## Your task
Find the line that contains "Answer: 7.33 How" in the entries below. Write out that line and all that follow it, unchanged and alone.

## Task inputs

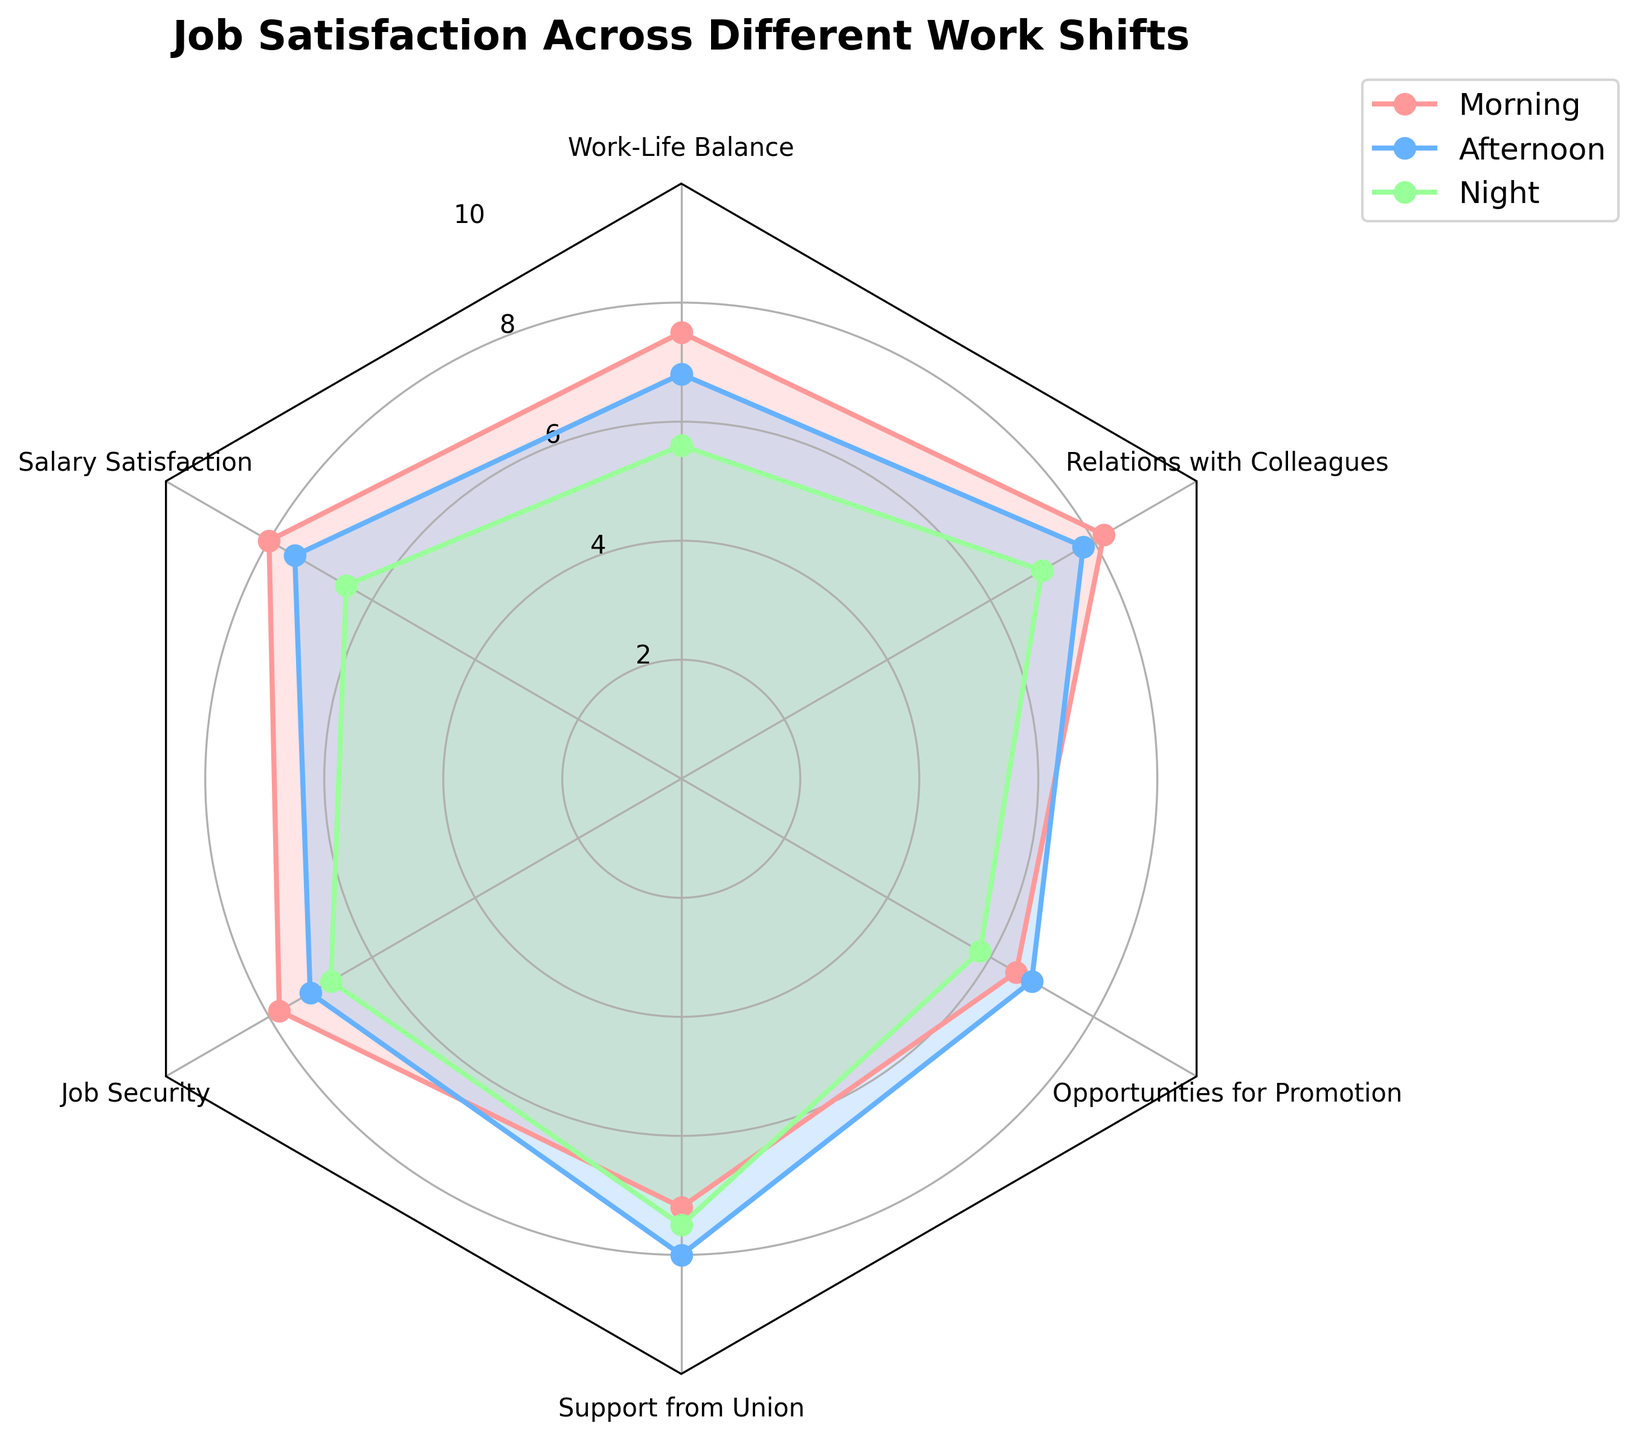What's the title of the radar chart? The title is usually displayed at the top of the radar chart and summarizes the main insight the chart presents.
Answer: Job Satisfaction Across Different Work Shifts How many categories of job satisfaction are shown in the figure? We count how many distinct categories radiate outwards from the center of the radar chart.
Answer: Six Which work shift has the highest satisfaction for "Relations with Colleagues"? Look at the "Relations with Colleagues" axis and identify the highest value among the three shifts (Morning, Afternoon, Night).
Answer: Morning For which category do the Morning and Afternoon shifts have equal satisfaction ratings? Compare the values for Morning and Afternoon shifts across all categories to find any match.
Answer: Opportunities for Promotion What is the average salary satisfaction across all work shifts? Sum the salary satisfaction values for Morning, Afternoon, and Night shifts, then divide the total by 3. (8.0 + 7.5 + 6.5) / 3 = 7.33
Answer: 7.33 How does the support from the union in the Night shift compare to the other two shifts? Compare the values for the "Support from Union" category for Morning, Afternoon, and Night shifts. Morning is 7.2, Afternoon is 8.0, and Night is 7.5, making Night fall between Morning and Afternoon.
Answer: Between Morning and Afternoon What is the largest difference in job satisfaction between any two shifts for any single category? Calculate the differences for each category between all pairs of shifts and identify the maximum difference. The highest difference is in "Work-Life Balance" between Morning (7.5) and Night (5.6). 7.5 - 5.6 = 1.9
Answer: 1.9 Which shift has the lowest job security rating? Locate the values for job security for Morning, Afternoon, and Night shifts and identify the lowest value.
Answer: Night In which category is the Afternoon shift's satisfaction higher than both the Morning and Night shifts? Compare all values for Afternoon with those of Morning and Night shifts across all categories. The "Support from Union" category has 8.0 (Afternoon) higher than 7.2 (Morning) and 7.5 (Night).
Answer: Support from Union

## Answer to the problem
Answer: 7.33 How does the support from the union in the Night shift compare to the other two shifts? Compare the values for the "Support from Union" category for Morning, Afternoon, and Night shifts. Morning is 7.2, Afternoon is 8.0, and Night is 7.5, making Night fall between Morning and Afternoon.
Answer: Between Morning and Afternoon What is the largest difference in job satisfaction between any two shifts for any single category? Calculate the differences for each category between all pairs of shifts and identify the maximum difference. The highest difference is in "Work-Life Balance" between Morning (7.5) and Night (5.6). 7.5 - 5.6 = 1.9
Answer: 1.9 Which shift has the lowest job security rating? Locate the values for job security for Morning, Afternoon, and Night shifts and identify the lowest value.
Answer: Night In which category is the Afternoon shift's satisfaction higher than both the Morning and Night shifts? Compare all values for Afternoon with those of Morning and Night shifts across all categories. The "Support from Union" category has 8.0 (Afternoon) higher than 7.2 (Morning) and 7.5 (Night).
Answer: Support from Union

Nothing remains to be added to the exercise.